### [What this task involves]
Return every entry exactly, except for any pictures.

### [Records for processing]
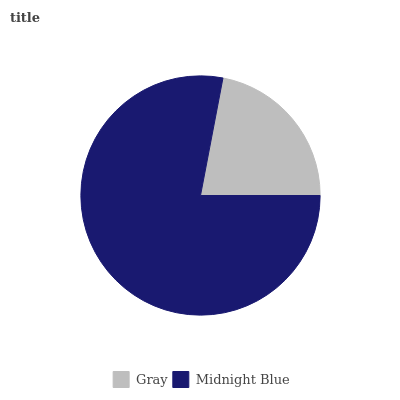Is Gray the minimum?
Answer yes or no. Yes. Is Midnight Blue the maximum?
Answer yes or no. Yes. Is Midnight Blue the minimum?
Answer yes or no. No. Is Midnight Blue greater than Gray?
Answer yes or no. Yes. Is Gray less than Midnight Blue?
Answer yes or no. Yes. Is Gray greater than Midnight Blue?
Answer yes or no. No. Is Midnight Blue less than Gray?
Answer yes or no. No. Is Midnight Blue the high median?
Answer yes or no. Yes. Is Gray the low median?
Answer yes or no. Yes. Is Gray the high median?
Answer yes or no. No. Is Midnight Blue the low median?
Answer yes or no. No. 
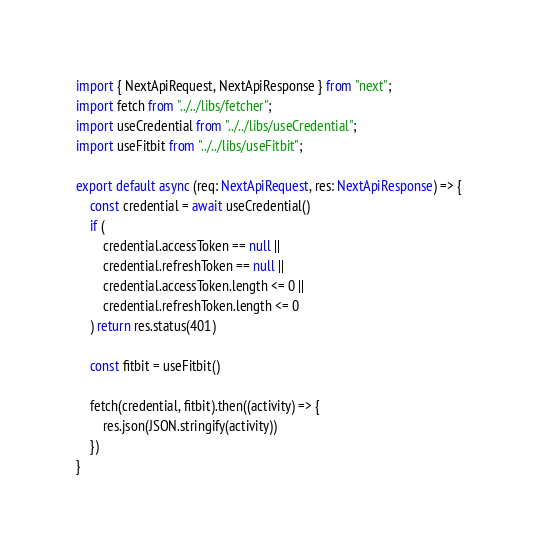<code> <loc_0><loc_0><loc_500><loc_500><_TypeScript_>import { NextApiRequest, NextApiResponse } from "next";
import fetch from "../../libs/fetcher";
import useCredential from "../../libs/useCredential";
import useFitbit from "../../libs/useFitbit";

export default async (req: NextApiRequest, res: NextApiResponse) => {
    const credential = await useCredential()
    if (
        credential.accessToken == null ||
        credential.refreshToken == null ||
        credential.accessToken.length <= 0 ||
        credential.refreshToken.length <= 0
    ) return res.status(401)

    const fitbit = useFitbit()

    fetch(credential, fitbit).then((activity) => {
        res.json(JSON.stringify(activity))
    })
}</code> 
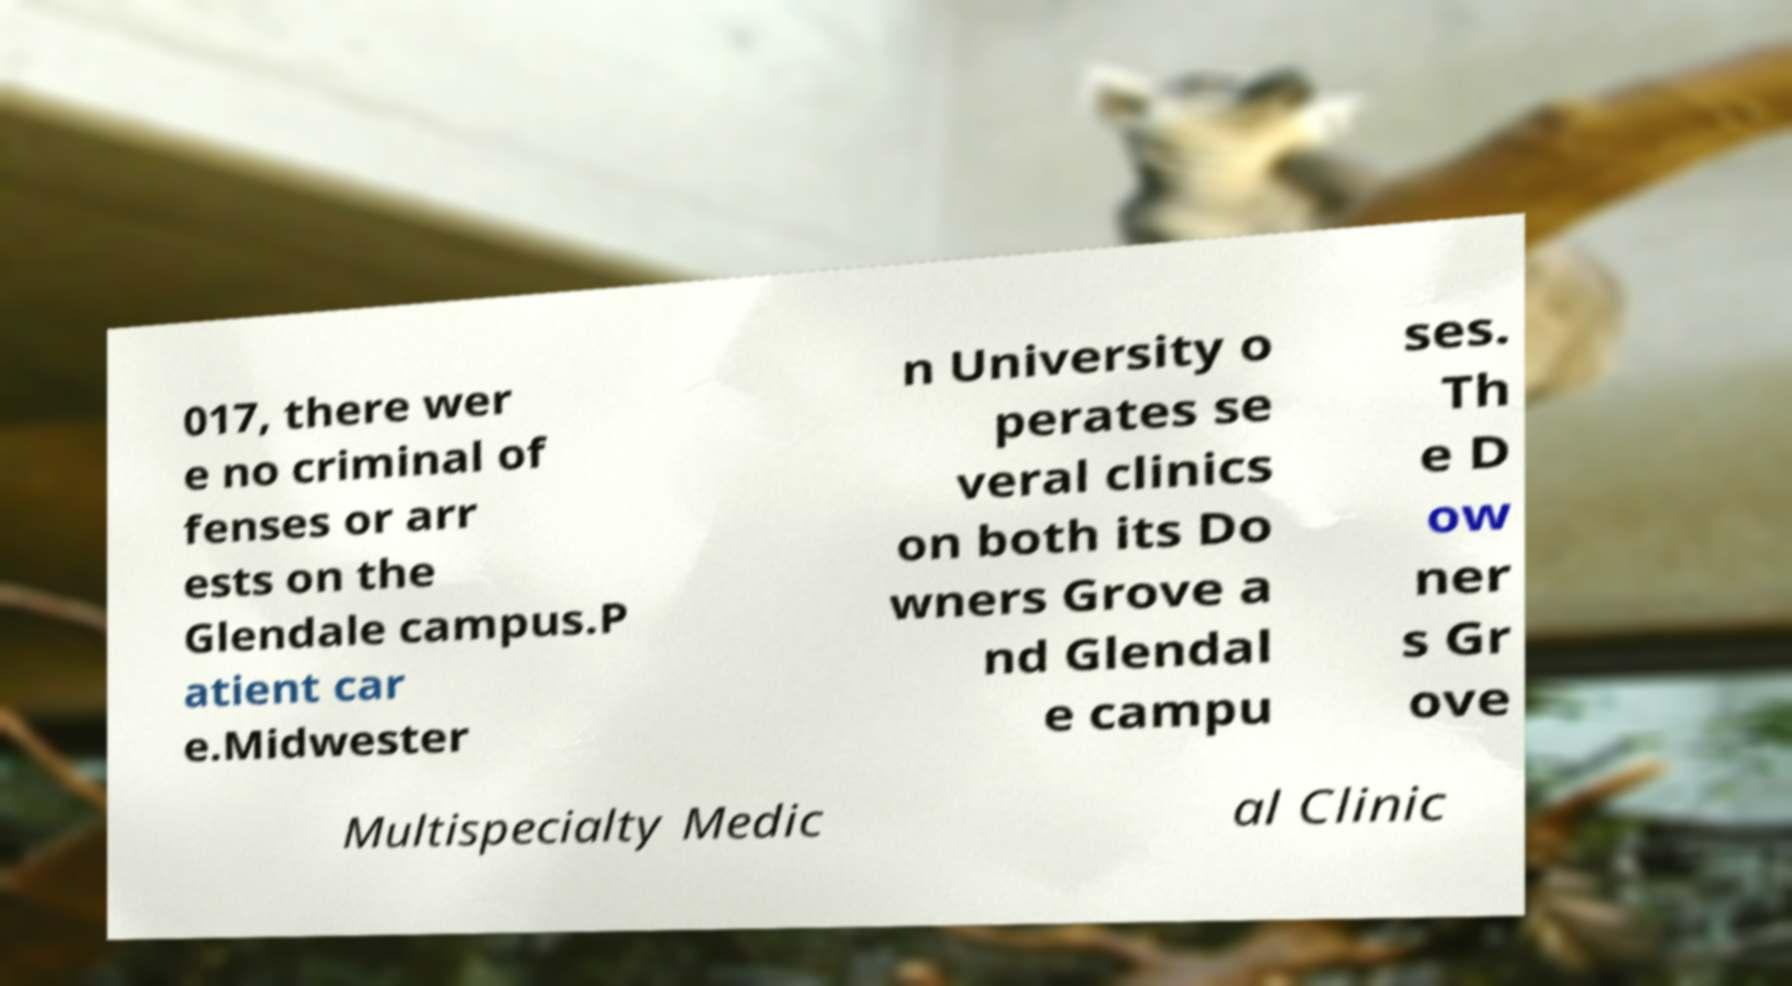What messages or text are displayed in this image? I need them in a readable, typed format. 017, there wer e no criminal of fenses or arr ests on the Glendale campus.P atient car e.Midwester n University o perates se veral clinics on both its Do wners Grove a nd Glendal e campu ses. Th e D ow ner s Gr ove Multispecialty Medic al Clinic

### [Solution to the exercise]
Is Gray the minimum?
Answer yes or no. Yes. Is Midnight Blue the maximum?
Answer yes or no. Yes. Is Midnight Blue the minimum?
Answer yes or no. No. Is Midnight Blue greater than Gray?
Answer yes or no. Yes. Is Gray less than Midnight Blue?
Answer yes or no. Yes. Is Gray greater than Midnight Blue?
Answer yes or no. No. Is Midnight Blue less than Gray?
Answer yes or no. No. Is Midnight Blue the high median?
Answer yes or no. Yes. Is Gray the low median?
Answer yes or no. Yes. Is Gray the high median?
Answer yes or no. No. Is Midnight Blue the low median?
Answer yes or no. No. 
<code> <loc_0><loc_0><loc_500><loc_500><_TypeScript_>import { NextApiRequest, NextApiResponse } from "next";
import fetch from "../../libs/fetcher";
import useCredential from "../../libs/useCredential";
import useFitbit from "../../libs/useFitbit";

export default async (req: NextApiRequest, res: NextApiResponse) => {
    const credential = await useCredential()
    if (
        credential.accessToken == null ||
        credential.refreshToken == null ||
        credential.accessToken.length <= 0 ||
        credential.refreshToken.length <= 0
    ) return res.status(401)

    const fitbit = useFitbit()

    fetch(credential, fitbit).then((activity) => {
        res.json(JSON.stringify(activity))
    })
}</code> 
What messages or text are displayed in this image? I need them in a readable, typed format. 017, there wer e no criminal of fenses or arr ests on the Glendale campus.P atient car e.Midwester n University o perates se veral clinics on both its Do wners Grove a nd Glendal e campu ses. Th e D ow ner s Gr ove Multispecialty Medic al Clinic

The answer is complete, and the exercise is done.